WORK ITEM = Pictures do not belong in the copy, so please give every entry below again exactly.

*** SUPPLIED INFORMATION ***

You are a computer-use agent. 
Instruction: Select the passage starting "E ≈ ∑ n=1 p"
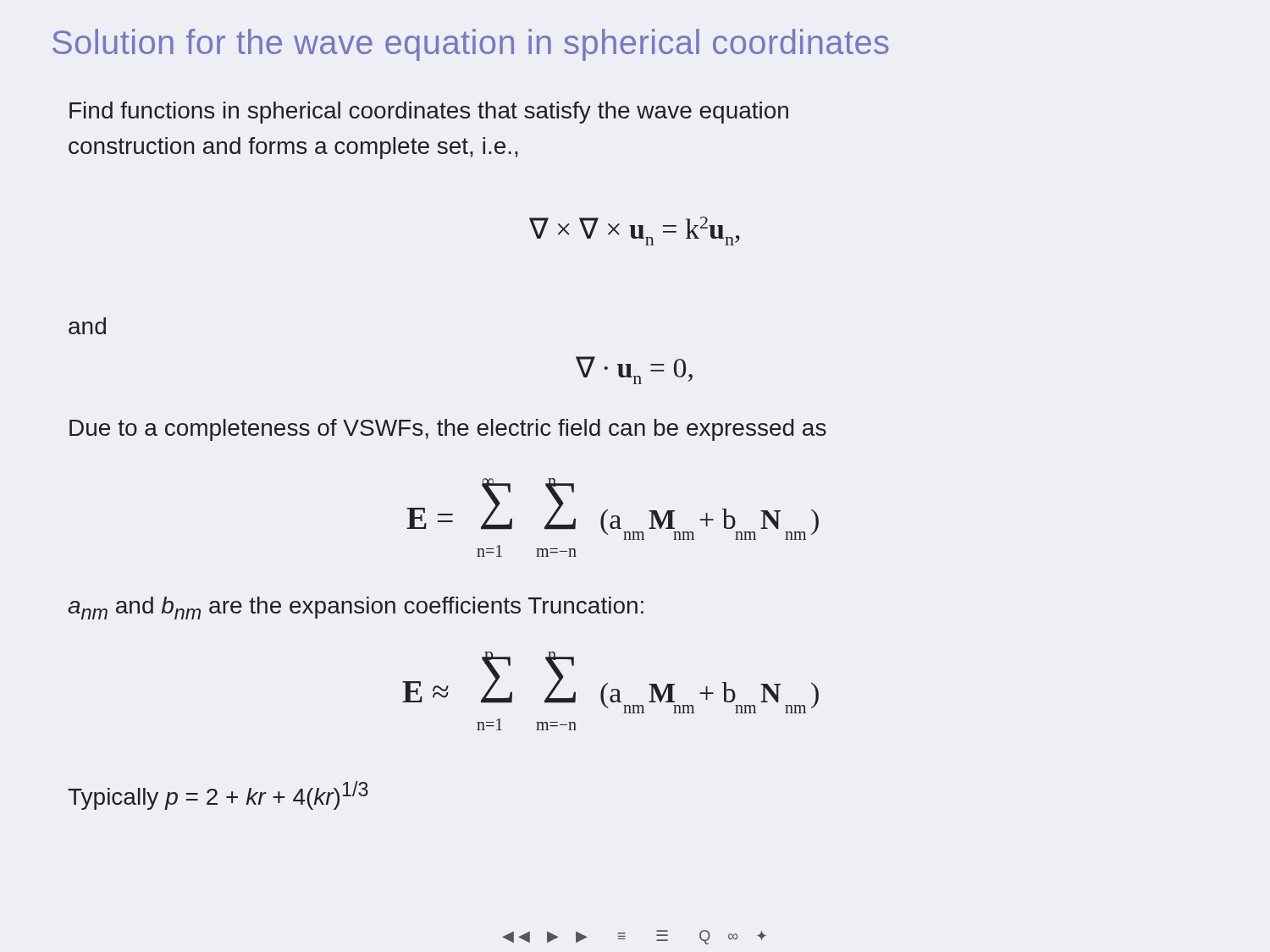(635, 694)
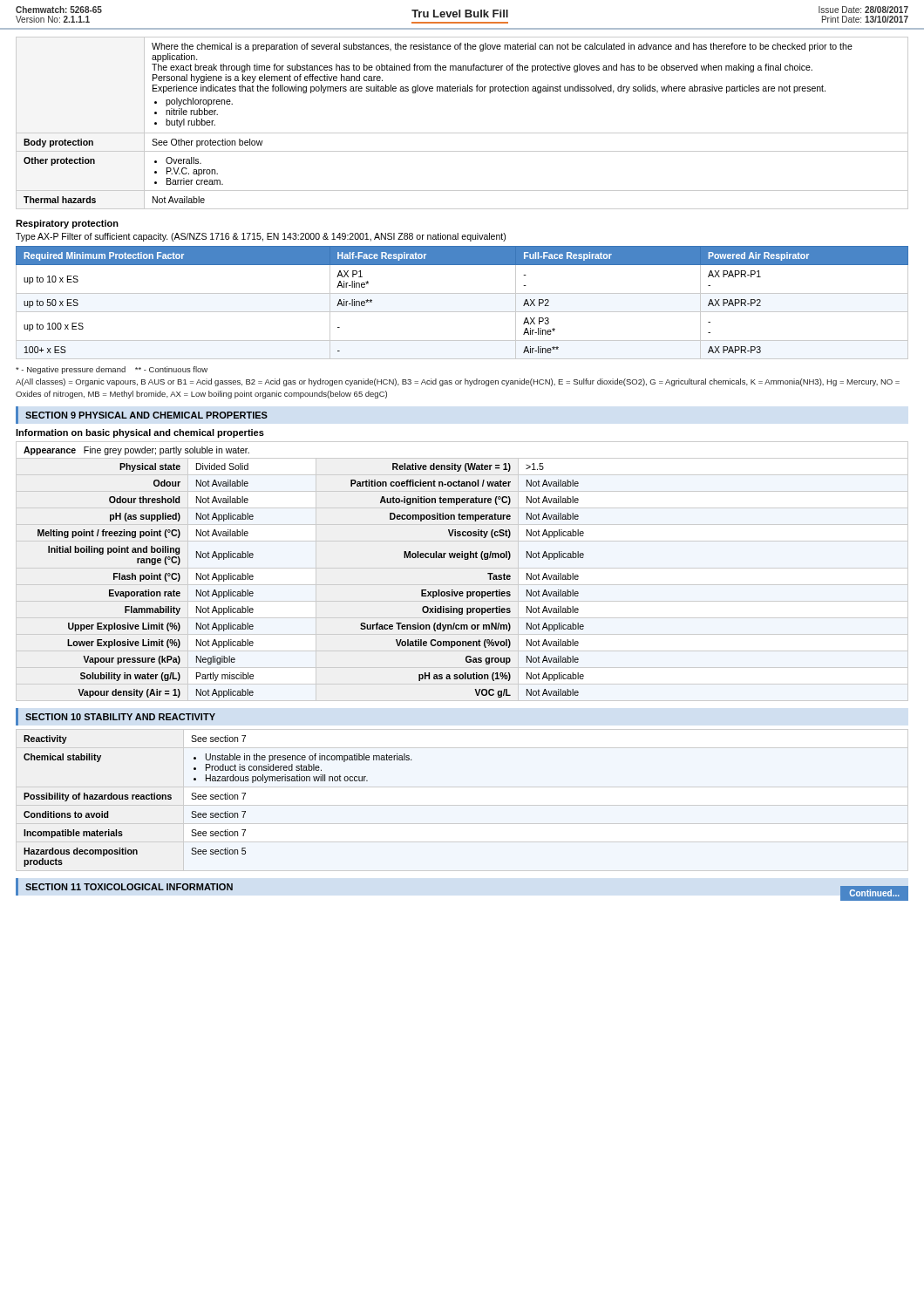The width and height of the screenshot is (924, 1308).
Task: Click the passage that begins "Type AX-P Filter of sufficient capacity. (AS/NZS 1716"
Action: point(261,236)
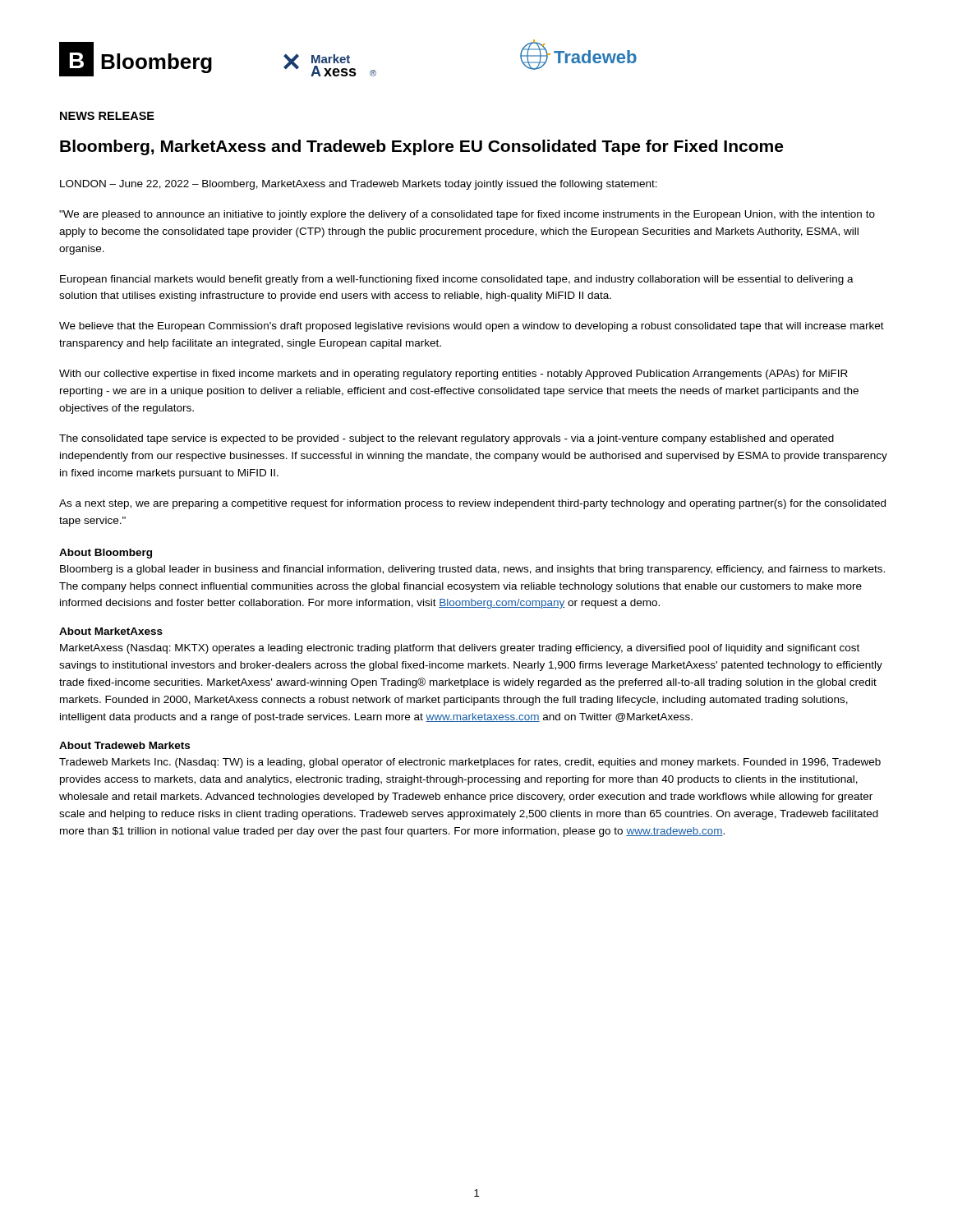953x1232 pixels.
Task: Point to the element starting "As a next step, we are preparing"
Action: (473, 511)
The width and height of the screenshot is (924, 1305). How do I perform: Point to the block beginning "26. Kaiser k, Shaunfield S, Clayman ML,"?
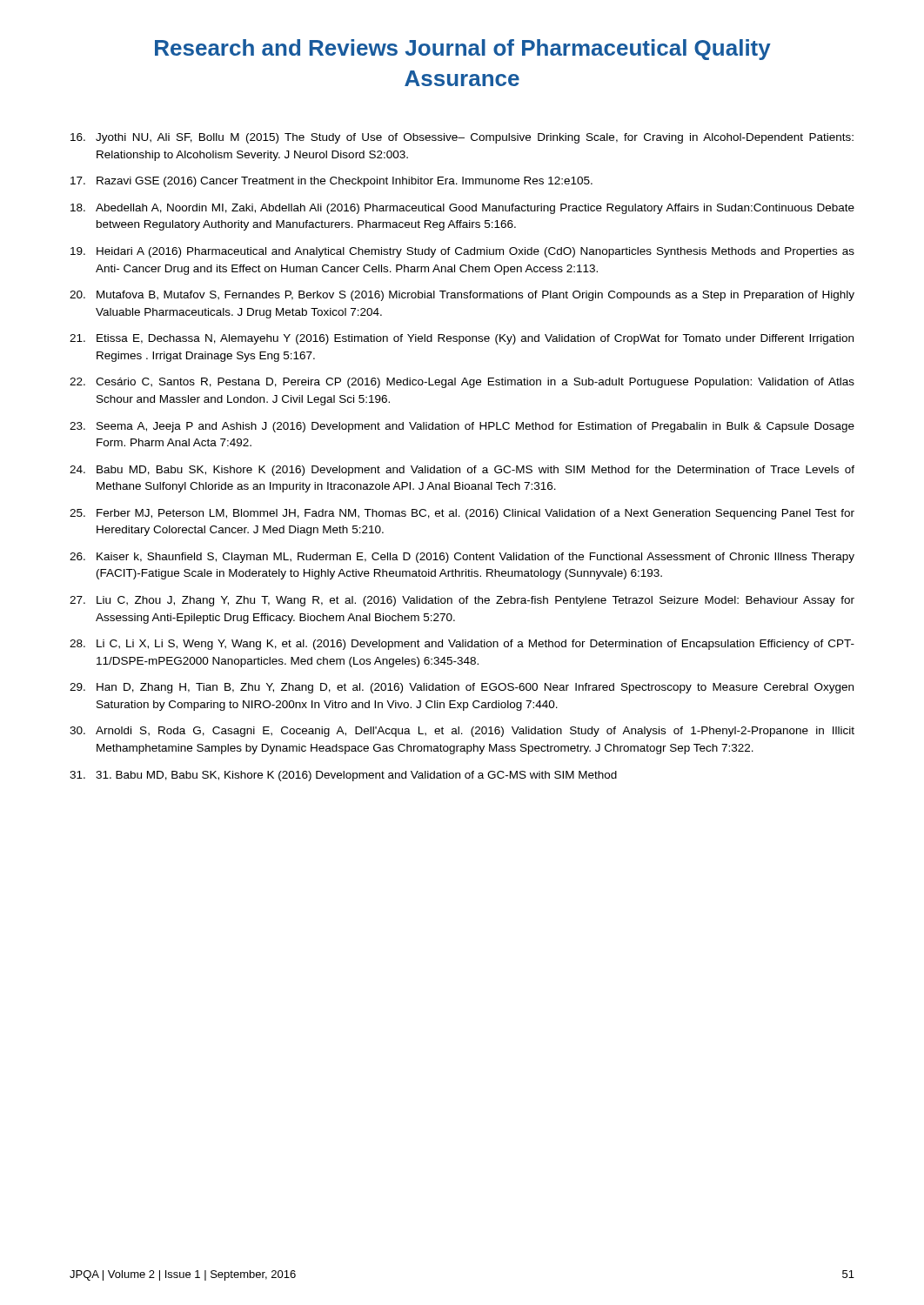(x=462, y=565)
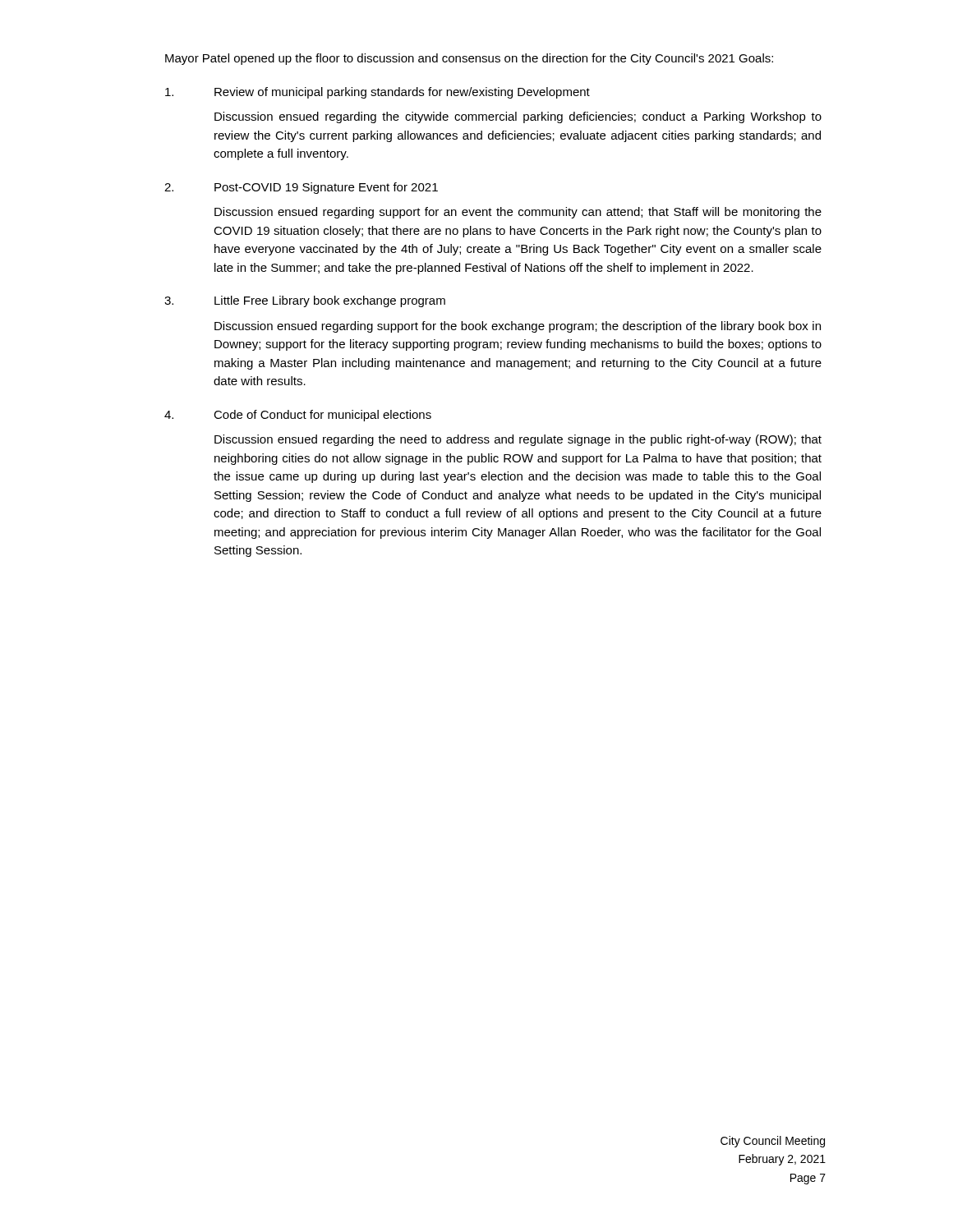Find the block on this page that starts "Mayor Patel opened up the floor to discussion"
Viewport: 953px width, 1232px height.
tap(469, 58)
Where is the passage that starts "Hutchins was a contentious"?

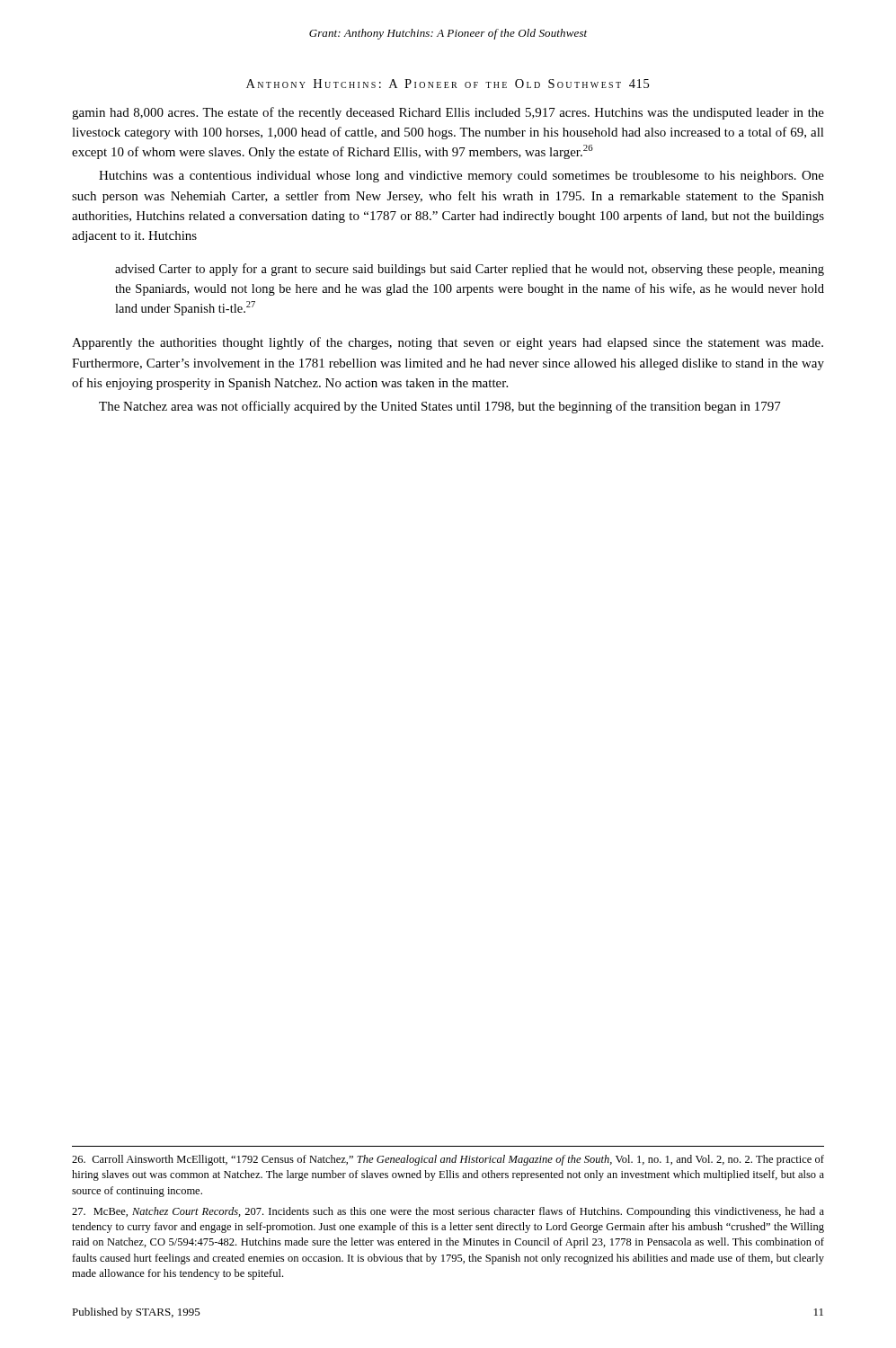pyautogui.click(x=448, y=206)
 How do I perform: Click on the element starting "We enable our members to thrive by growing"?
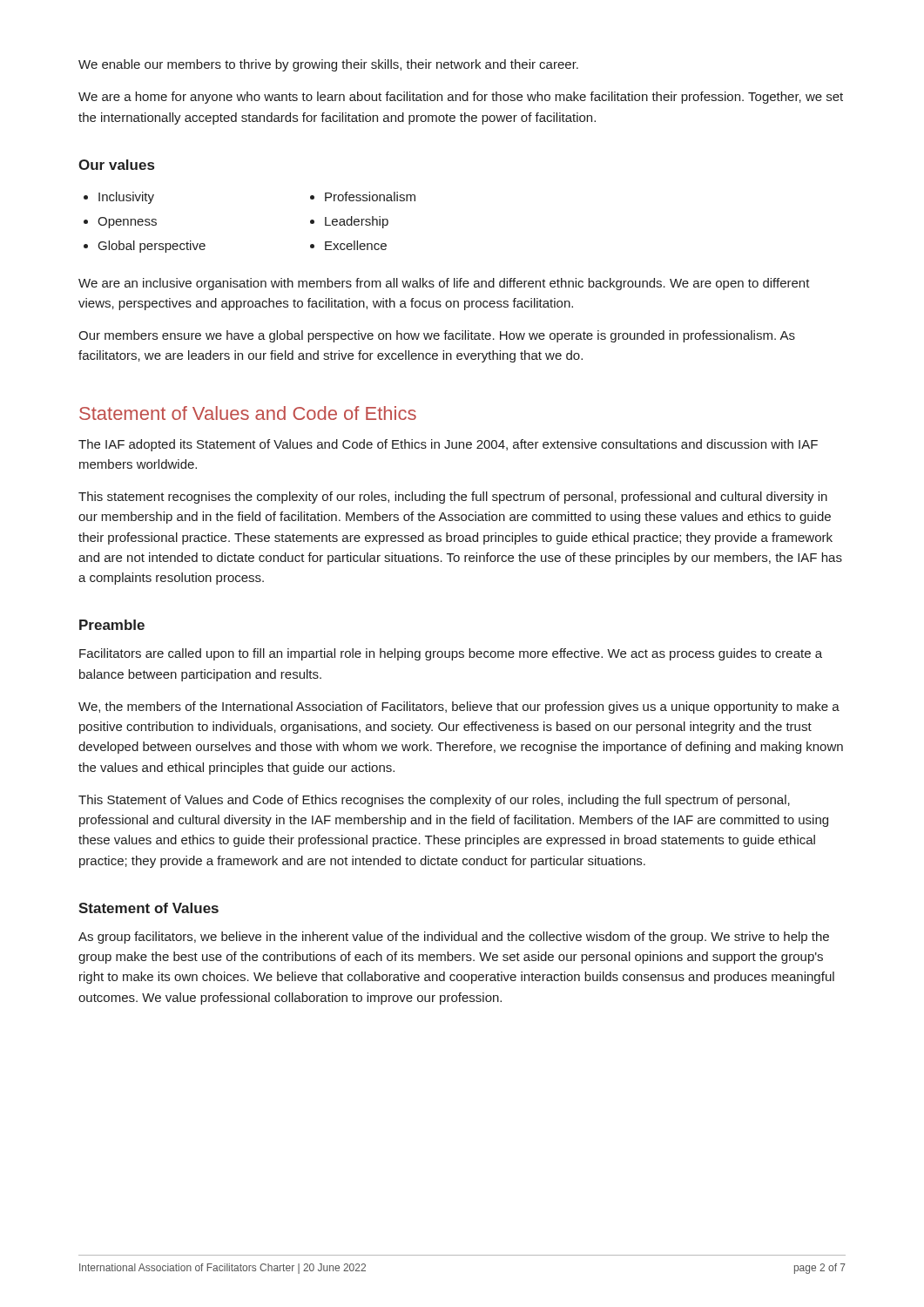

*** End of SUPPLIED INFORMATION ***

RESPONSE BOX =
You are a computer-use agent. 
Instruction: Select the passage starting "E ≈ ∑ n=1 p"
(635, 694)
The width and height of the screenshot is (924, 1308).
Task: Click the passage that begins "Type AX-P Filter of sufficient capacity. (AS/NZS 1716"
Action: point(261,236)
953x1232 pixels.
Task: Point to the element starting "As a next step, we are preparing"
Action: (473, 511)
The width and height of the screenshot is (924, 1305). How do I perform: Point to the block beginning "26. Kaiser k, Shaunfield S, Clayman ML,"?
(x=462, y=565)
Find the block on this page that starts "Mayor Patel opened up the floor to discussion"
Viewport: 953px width, 1232px height.
tap(469, 58)
Where is the passage that starts "Hutchins was a contentious"?

pyautogui.click(x=448, y=206)
 How do I perform: Click on the element starting "We enable our members to thrive by growing"?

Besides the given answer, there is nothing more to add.